To activate this feature, take the following steps:

  1. To activate this option for your account, click on your username at the top right of the page.
    • Select Preferences and navigate to your user-references.
    • In your middle panel search for Manage Information and select them. You can also navigate to “https:///user" — for example, https://usegalaxy.eu/user.
    • Find the grey box: Do you want to be able to re-use equivalent jobs?
    • Within the box, change the slider from no to yes.
    • Scroll down to the bottom of the page and click the Save button.
  2. For every tool you want to run now, you will notice the option Attempt to re-use jobs with identical parameters?. To test this:
    • Click on any tool you would like to run
    • If you scroll down to the end of the Tool Parameters section until you see the Run tool button, you will notice the new option Attempt to re-use jobs with identical parameters? above the Run tool button.
    • You can enable this option by sliding the No to Yes
    • Once you click on the Run tool, Galaxy will check if this tool was run before with the exact same parameters and inputs. If so, the results will be retrieved from the job cache and not be calculated.

⚠️ At the moment, this feature only works with data shared/reused inside Galaxy. If you upload the same file twice, we can not detect that it is the same file.

Hands On: Data upload
  1. Create a new history for this tutorial

    To create a new history simply click the new-history icon at the top of the history panel:

    UI for creating new history

  2. Import the files from Zenodo or from the shared data library (GTN - Material -> genome-annotation -> Comparison of two annotation tools - Helixer and Braker3):

    https://zenodo.org/records/15051665/files/genome_masked.fasta
    https://zenodo.org/records/14770765/files/RNASeq_braker.bam
    https://zenodo.org/records/14770765/files/swissprot_subset.fasta
    
    • Copy the link location
    • Click galaxy-upload Upload Data at the top of the tool panel

    • Select galaxy-wf-edit Paste/Fetch Data
    • Paste the link(s) into the text field

    • Press Start

    • Close the window

    As an alternative to uploading the data from a URL or your computer, the files may also have been made available from a shared data library:

    1. Go into Libraries (left panel)
    2. Navigate to the correct folder as indicated by your instructor.
      • On most Galaxies tutorial data will be provided in a folder named GTN - Material –> Topic Name -> Tutorial Name.
    3. Select the desired files
    4. Click on Add to History galaxy-dropdown near the top and select as Datasets from the dropdown menu
    5. In the pop-up window, choose

      • “Select history”: the history you want to import the data to (or create a new one)
    6. Click on Import

Preparing RNAseq data for Braker3 annotation

In this tutorial, the alignments from RNA-seq are already prepared. This data was obtained using the RNA STAR tool, as explained in detail in the Braker3 tutorial.

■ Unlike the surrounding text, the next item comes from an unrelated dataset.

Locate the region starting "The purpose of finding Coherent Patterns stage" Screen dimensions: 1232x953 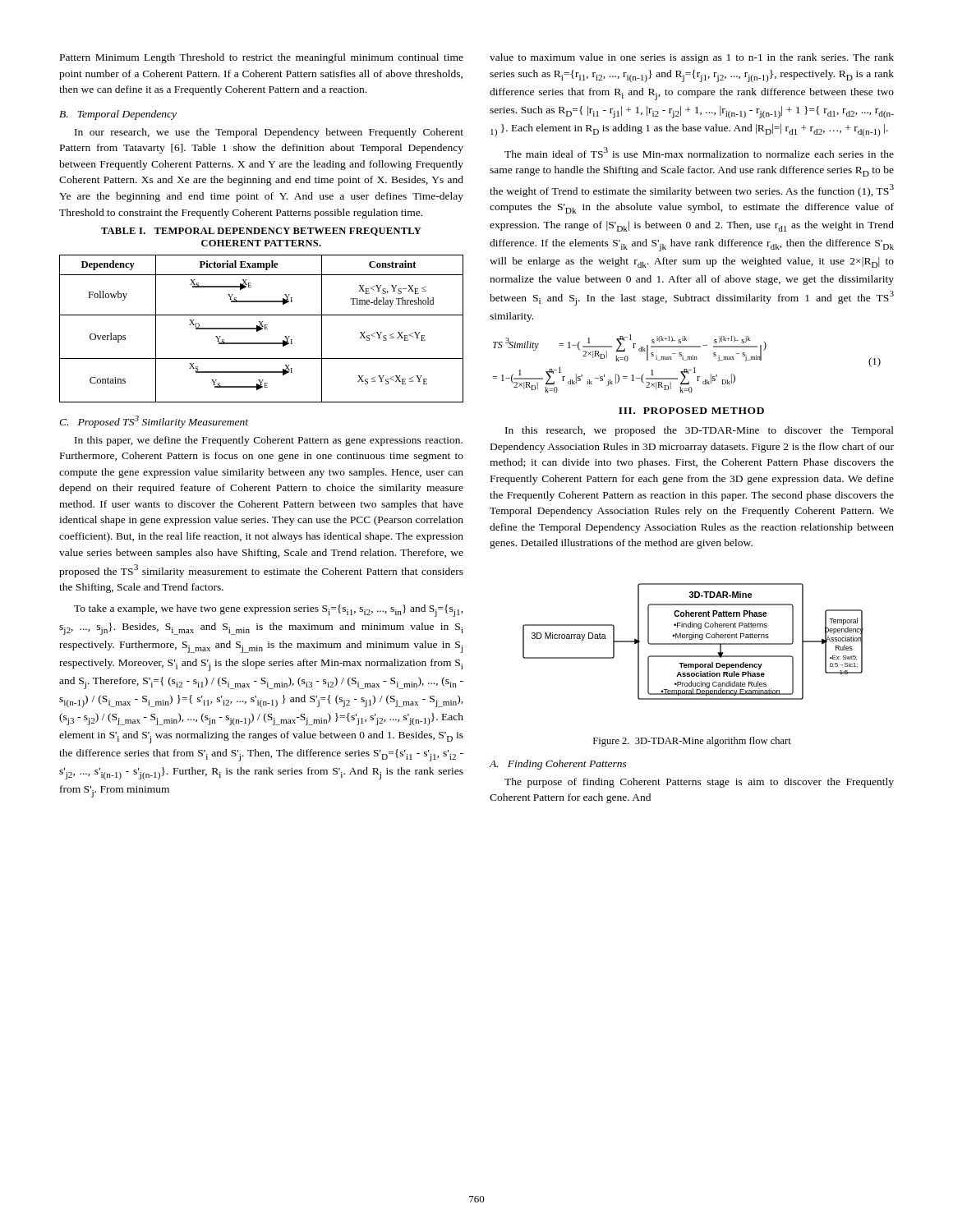coord(692,790)

Note that when using Braker3 with RNA STAR to align RNA-seq data, the –outSAMstrandField intronMotif parameter must be added. This parameter adds specific intron information to the alignment file (BAM). This information is necessary for Braker3 to correctly understand and use the alignments to annotate genes. Without this parameter, Braker3 may not function correctly or may produce incomplete results.

Here’s how to run RNA STAR with this specific parameter (“Read alignement tags to include in the BAM output” option), before annotating with Braker3:

Hands On
  1. RNA STAR ( Galaxy version 2.7.11a+galaxy1) with the following parameters:
    • “Single-end or paired-end reads”: Paired-end (as individual datasets)
      • param-file “RNA-Seq FASTQ/FASTA file, forward reads”: rnaseq_R1.fq.gz (Input dataset)
      • param-file “RNA-Seq FASTQ/FASTA file, reverse reads”: rnaseq_R2.fq.gz (Input dataset)
    • “Custom or built-in reference genome”: Use reference genome from history and create temporary index
      • param-file “Select a reference genome”: genome_masked.fasta (Input dataset)
      • “Length of the SA pre-indexing string”: 11
    • In “BAM output format specification”:
      • In “Read alignement tags to include in the BAM output”:
        • Select XS (strand flag, see parameter help below)

Structural annotation

By Helixer

We can run Helixer to perform the structural annotation of the genome.

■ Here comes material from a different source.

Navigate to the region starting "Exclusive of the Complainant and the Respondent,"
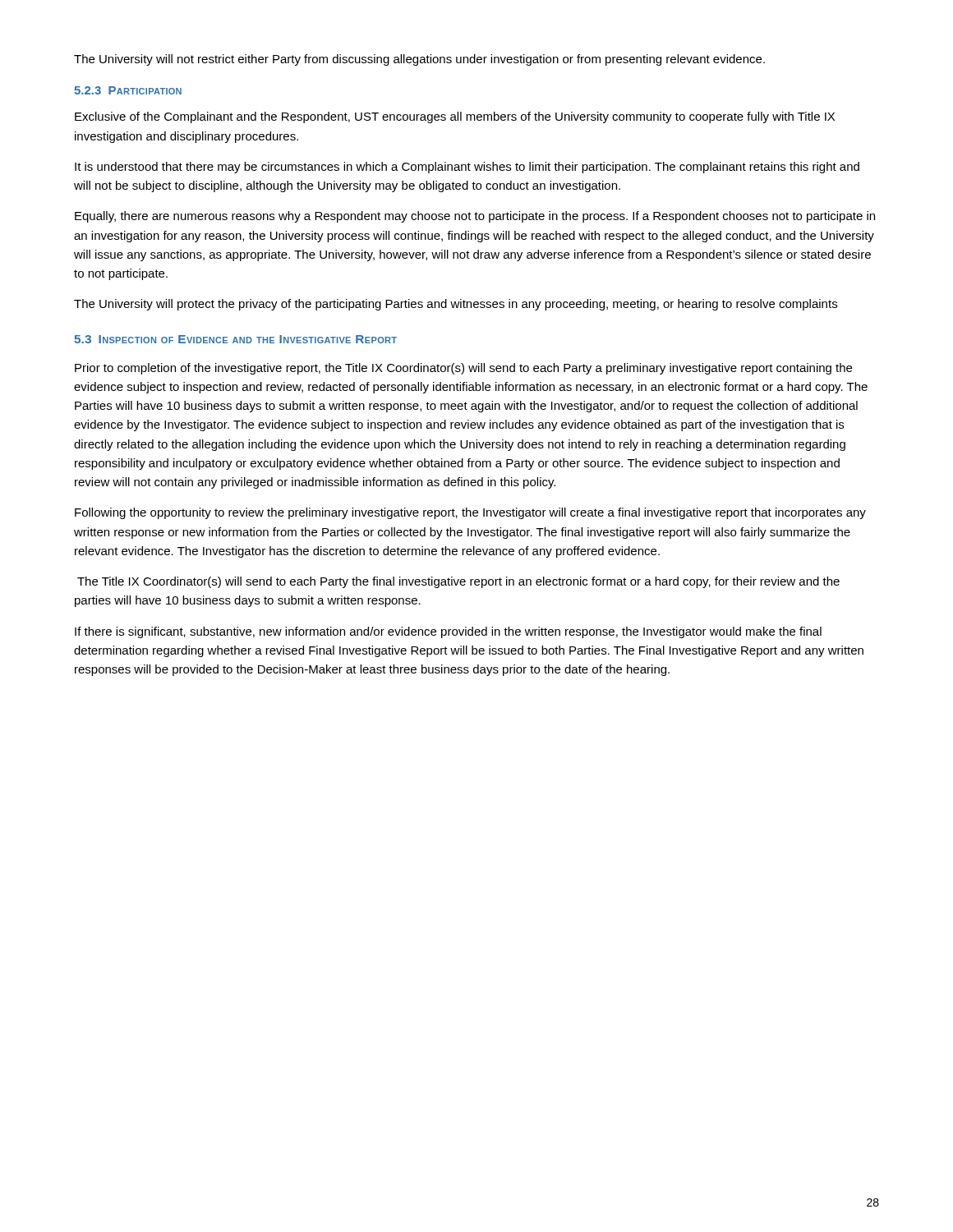 [x=455, y=126]

Helixer requires only the genome sequence. We also need to choose between 4 different lineages: invertebrate, vertebrate, land plant or fungi. Select the one that fits the best to the species you are studying: fungi in our case. Helixer is shipped with these 4 models that were trained specifically to annotate genes from each of these lineages. Advanced users can upload their own lineage model in .h5 format with the “Lineage model” option.

As an option, we can also enter a species name.

Hands On: Genome annotation with Helixer
  1. Helixer ( Galaxy version 0.3.3+galaxy1) with the following parameters:
    • param-file “Genomic sequence”: genome_masked.fasta (Input dataset)
    • In “Available lineages”: “selectfungi
    • In “Species name”: Mucor mucedo
Comment: Advanced parameters

Depending on the lineage, the parameters “Subsequence length”, “Overlap offset” and “Overlap corelength” are adjusted to corresponding default values (listed in the help of each option).

This is due in particular to the size of the genomes. Indeed, it is recommended to increase the value of “Subsequence length” for genomes containing large genes. This is particularly important for vertebrates and invertebrates.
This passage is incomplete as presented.